Then, at the bottom of the Inspector Panel, click the Add Component button to bring up a list of all RealityKit's available components.
We can add as many components to an entity as we want, and we can only add one of each type; it's a set. You'll also see any custom components you've made in this list as well. Let's see how we can use Reality Composer Pro to create our own custom components. We're going to make those floating buttons that hover over specific points on our terrain so you can select them to see more information about that spot. We'll prepare a lot of that UI and functionality in code, but I want to show you how to mark these entities in Reality Composer Pro as the positions at which we want to show those floating buttons. To do this, we're going to add entities at locations above our terrain map, which will signify to the app that these are the places we want to show our floating buttons. Then we'll create a point of interest component to house our information about each place.
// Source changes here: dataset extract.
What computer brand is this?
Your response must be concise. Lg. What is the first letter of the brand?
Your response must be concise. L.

Then we open the PointOfInterestComponent.swift in Xcode to edit it, adding properties like a name and a description. In Reality Composer Pro, we'll add our new PointOfInterestComponent to each of our new entities, and then we'll fill in the properties' values. Let's make our first location marker entity, Ribbon Beach, which is a place on Catalina Island. We click the plus menu and select Transform to make us a new invisible entity. We can name our entity Ribbon_Beach. Let's put this entity where Ribbon Beach actually is on the island. We click on the Add Component button, but this time, we select New Component because we're going to make our own.
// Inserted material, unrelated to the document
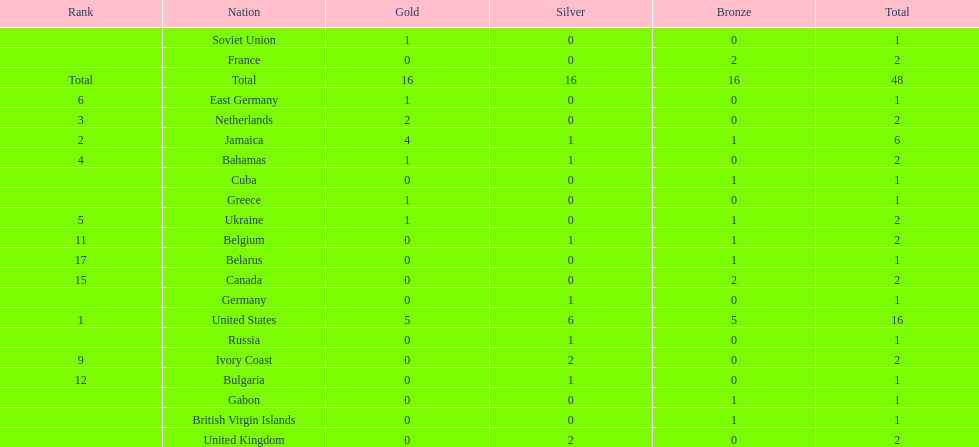What is the average number of gold medals won by the top 5 nations? 2.6.

Let's give it a name, PointOfInterest. Now it shows up in the Inspector Panel just like our other components do.
But what's this count property? Let's open our new component in Xcode. In Xcode, we see that Reality Composer Pro created PointOfInterestComponent.swift for us. Reality Composer Pro projects are Swift packages, and the Swift code we just generated lives here in the package. Looking at the template code, we see that that's where the count property came from. Let's have another property instead. We want each point of interest to know which map it's associated with so that when you change maps, we can fade out the old points of interest and fade in the appropriate ones. So we add an enumeration property, var region. Let's make our enum region up here... ...and give it two cases, since we're only building two maps right now: Catalina and Yosemite. It can serialize as a string. We also conform it to the Codable protocol so that Reality Composer Pro can see it and serialize instances of it. Back in Reality Composer Pro, the count property has gone away and our new region property shows up. It has a default value of yosemite because that's what we initialized in the code, but we can override it here for this particular entity. If we override it, this value will only take effect on this particular entity. The rest of the point of interest components will have the default value of yosemite unless we override them too. We're using our PointOfInterestComponent like a signifier, a marker that we stick on these entities. These entities act like placeholders for where we'll put our SwiftUI buttons at runtime. We add our other Catalina Island points of interest the same way we just added Ribbon Beach. Let's run our app and see what our new custom component does.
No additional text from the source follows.